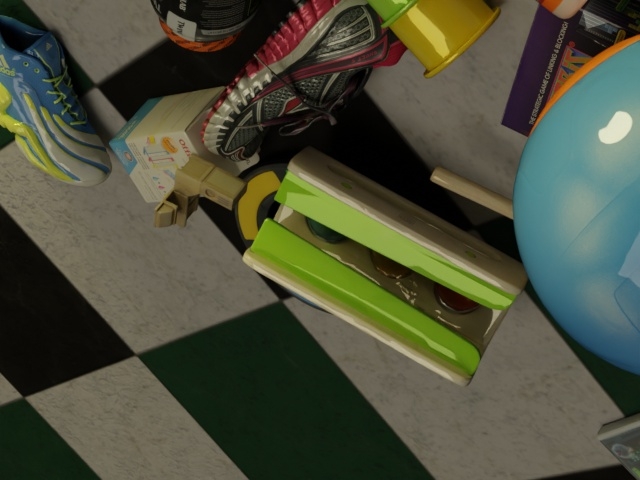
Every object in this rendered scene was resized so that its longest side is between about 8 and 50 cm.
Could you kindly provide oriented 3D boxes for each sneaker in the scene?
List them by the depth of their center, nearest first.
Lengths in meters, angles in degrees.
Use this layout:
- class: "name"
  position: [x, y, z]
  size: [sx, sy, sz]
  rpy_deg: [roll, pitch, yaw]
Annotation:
- class: "sneaker"
  position: [-0.025, -0.156, 1.487]
  size: [0.112, 0.121, 0.299]
  rpy_deg: [41, 142, -7]
- class: "sneaker"
  position: [-0.332, -0.171, 1.741]
  size: [0.240, 0.091, 0.126]
  rpy_deg: [43, 141, -5]

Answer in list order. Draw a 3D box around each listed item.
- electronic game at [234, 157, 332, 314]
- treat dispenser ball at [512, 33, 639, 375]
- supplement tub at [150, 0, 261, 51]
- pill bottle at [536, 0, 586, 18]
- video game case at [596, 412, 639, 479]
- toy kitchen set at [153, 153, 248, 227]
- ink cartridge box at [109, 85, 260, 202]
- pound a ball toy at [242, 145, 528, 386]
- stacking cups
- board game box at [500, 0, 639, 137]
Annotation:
- class: "electronic game"
  position: [0.000, 0.000, 1.684]
  size: [0.229, 0.048, 0.229]
  rpy_deg: [22, 139, 20]
- class: "treat dispenser ball"
  position: [0.299, -0.028, 1.168]
  size: [0.288, 0.288, 0.288]
  rpy_deg: [22, 139, 20]
- class: "supplement tub"
  position: [-0.108, -0.275, 1.422]
  size: [0.117, 0.117, 0.190]
  rpy_deg: [32, 151, 8]
- class: "pill bottle"
  position: [0.154, -0.294, 1.201]
  size: [0.221, 0.121, 0.121]
  rpy_deg: [38, 142, 1]
- class: "video game case"
  position: [0.427, 0.248, 1.614]
  size: [0.173, 0.022, 0.190]
  rpy_deg: [46, 142, -9]
- class: "toy kitchen set"
  position: [-0.133, -0.032, 1.592]
  size: [0.075, 0.068, 0.083]
  rpy_deg: [27, 140, 12]
- class: "ink cartridge box"
  position: [-0.147, -0.109, 1.656]
  size: [0.143, 0.090, 0.092]
  rpy_deg: [-5, 126, 41]
- class: "pound a ball toy"
  position: [0.111, -0.001, 1.520]
  size: [0.319, 0.136, 0.208]
  rpy_deg: [28, 108, 5]
- class: "stacking cups"
  position: [0.030, -0.296, 1.329]
  size: [0.316, 0.096, 0.096]
  rpy_deg: [48, 141, -9]
- class: "board game box"
  position: [0.253, -0.147, 1.332]
  size: [0.141, 0.048, 0.170]
  rpy_deg: [26, 141, 13]
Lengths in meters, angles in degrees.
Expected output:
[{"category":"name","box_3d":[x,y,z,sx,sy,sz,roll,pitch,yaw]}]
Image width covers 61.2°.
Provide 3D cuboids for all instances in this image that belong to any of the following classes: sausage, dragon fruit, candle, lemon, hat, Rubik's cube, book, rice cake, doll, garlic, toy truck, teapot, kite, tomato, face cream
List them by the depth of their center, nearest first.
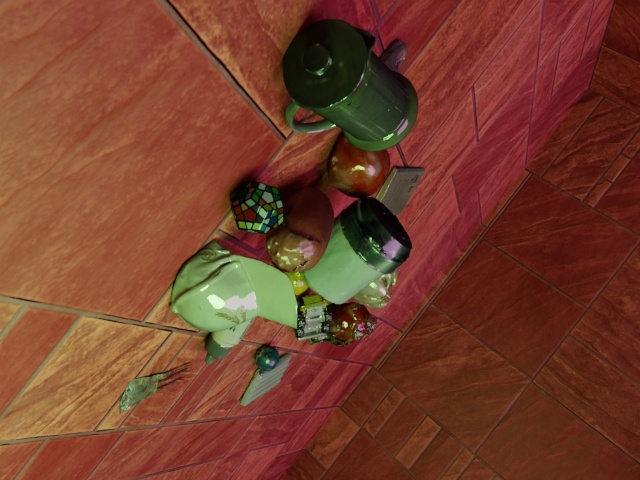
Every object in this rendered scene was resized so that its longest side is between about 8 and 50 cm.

Problem statement:
Give only the lines from the one holding "position: [x, y, z]" through the one holding "- board game box at [500, 0, 639, 137]", each restated exactly as it appears above.

Result for this task:
  position: [x, y, z]
  size: [sx, sy, sz]
  rpy_deg: [roll, pitch, yaw]
Annotation:
- class: "sneaker"
  position: [-0.025, -0.156, 1.487]
  size: [0.112, 0.121, 0.299]
  rpy_deg: [41, 142, -7]
- class: "sneaker"
  position: [-0.332, -0.171, 1.741]
  size: [0.240, 0.091, 0.126]
  rpy_deg: [43, 141, -5]

Answer in list order. Draw a 3D box around each listed item.
- electronic game at [234, 157, 332, 314]
- treat dispenser ball at [512, 33, 639, 375]
- supplement tub at [150, 0, 261, 51]
- pill bottle at [536, 0, 586, 18]
- video game case at [596, 412, 639, 479]
- toy kitchen set at [153, 153, 248, 227]
- ink cartridge box at [109, 85, 260, 202]
- pound a ball toy at [242, 145, 528, 386]
- stacking cups
- board game box at [500, 0, 639, 137]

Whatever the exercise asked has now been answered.